Moreover, I’m gonna give you also a bonus track on how to run Universal in a serverless environment like Firebase Cloud Functions.

Angular 5 Universal guide, step by step

If you haven’t heard about Angular Universal, it is a Server Side Rendering (SSR) tool that allows you to render your Angular app from a server.
Main benefits of SSR are SEO results and reducing initial page load time.

In the past, it was quite complex, but now, Angular CLI v1.6 makes adding Universal to your project easier than ever.

This is gonna be a step-by-step guide, so… let’s start!

1 — Angular CLI 1.6+

First, you’ll need a recent version of Angular CLI (CLI 1.6 or higher).
To install/update your CLI, run from terminal:

npm install -g @angular/cli

2 — Angular project

If you don’t already have a project, create one using the recently installed CLI. Run from terminal:

ng new my-project

Done? Then go to next step.

Otherwise, if you have a project with an older version of CLI, you can update it like this:
2.1 — Open package.json file
2.2 — Modify the version of the “@angular/cli” devDependency to match the most recent one (this one).
2.3 — Remove the node_dependencies folder from your project
2.4 — Install dependencies again running “npm install”.

3 — Creating Universal with the CLI

Go to terminal and run:

ng generate universal

This command should create the following files:

  • src/app/app.server.module.ts
  • src/main.server.ts
  • src/tsconfig.server.json

The first 2 files are like the entry point of your app for server-side execution. The third one is the TS configuration in order to compile your app in a NodeJS environment.

Also, following files should have been updated:

  • package.json: Adds a dependency
  • .angular-cli.json: Configures the CLI in order to compile the Universal app bundle.
  • src/main.ts: Waits to load SSRDOM before rehydrating Angular locally
  • src/app/app.module.ts: Link both Angular versions for rehydrating purposes
  • .gitignore: Ignores new outputs that will be generated during build stage.

4 — Install the new dependencies

The previous command has added `@angular/platform-server` to your dependencies, but it has not been installed.

Install them by running:

npm install

What have you achieved, right now?

Well, at this point you have the basics to build Angular code that can be executed also in the server. Looking carefully .angular-cli.json, you’ll see that a new app has been added to the configuration. It will generate the Universal bundle and move it to dist-server folder.

You can see how it compiles, by running on terminal:

ng build --prod && ng build --prod --app 1 --output-hashing=none

That command should build 2 folders:

  • dist folder: with the original Angular app
  • dist-server folder: With the Universal version of your app, compiled for execution on the server.

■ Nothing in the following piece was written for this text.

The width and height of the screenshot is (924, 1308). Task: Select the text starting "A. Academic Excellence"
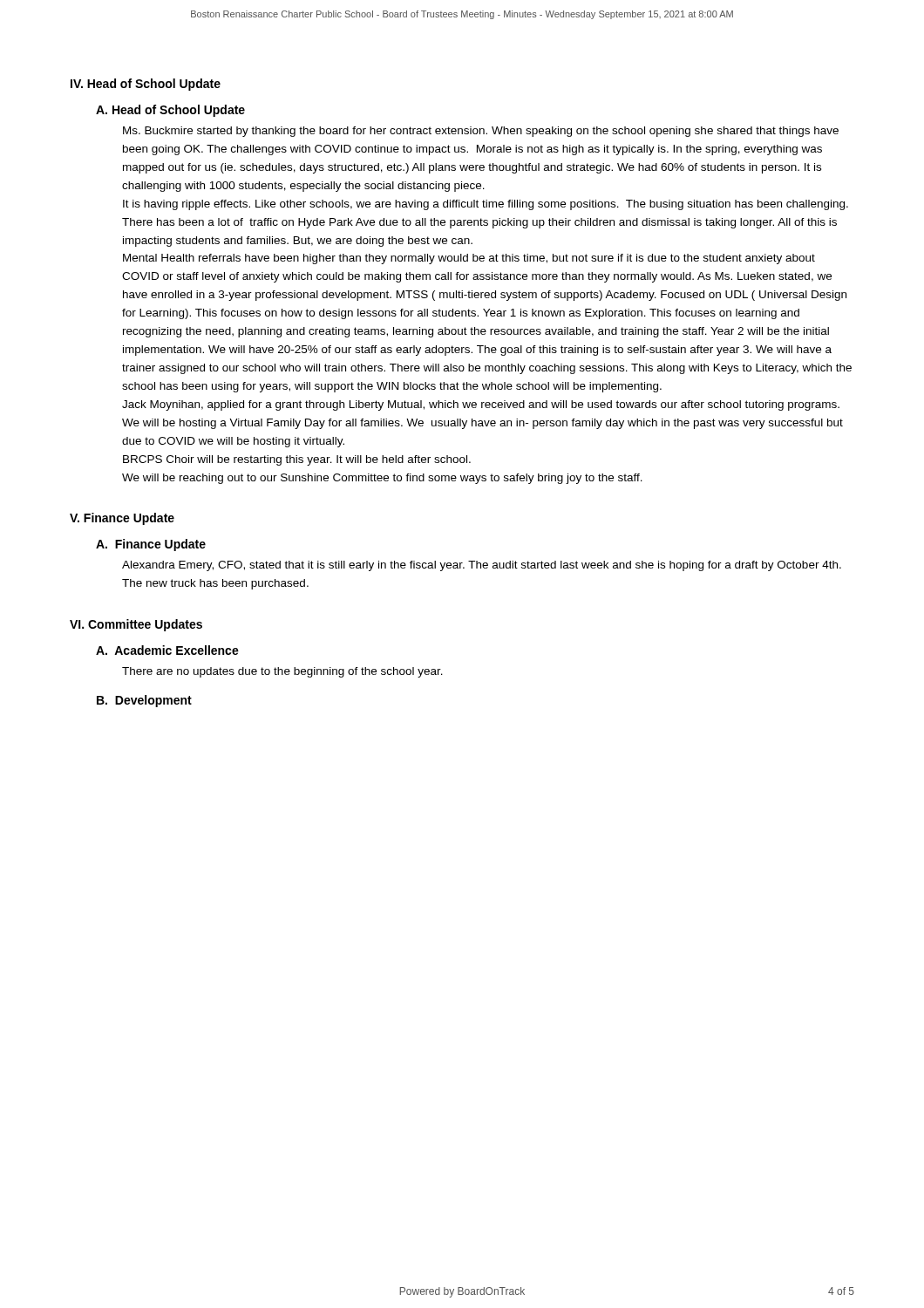167,651

However, that’s not enough to get SSR. You’ll need a server that is in charge of rendering the Universal version when it get’s a request. That server can be build using NodeJS, but other technologies can also be used instead.

I’m gonna show you how to create the server using Express, a well know NodeJS framework.

5 — Add additional dependencies

In order to use Express, you’ll need to install some more dependencies:

  • expressExpress framework.
  • @nguniversal/express-engine — Angular Universal Adaptor for Express.
  • @nguniversal/module-map-ngfactory-loader — Dependency for lazy-loading routing from server.
  • reflect-metadata — Dependency required for some polyfills.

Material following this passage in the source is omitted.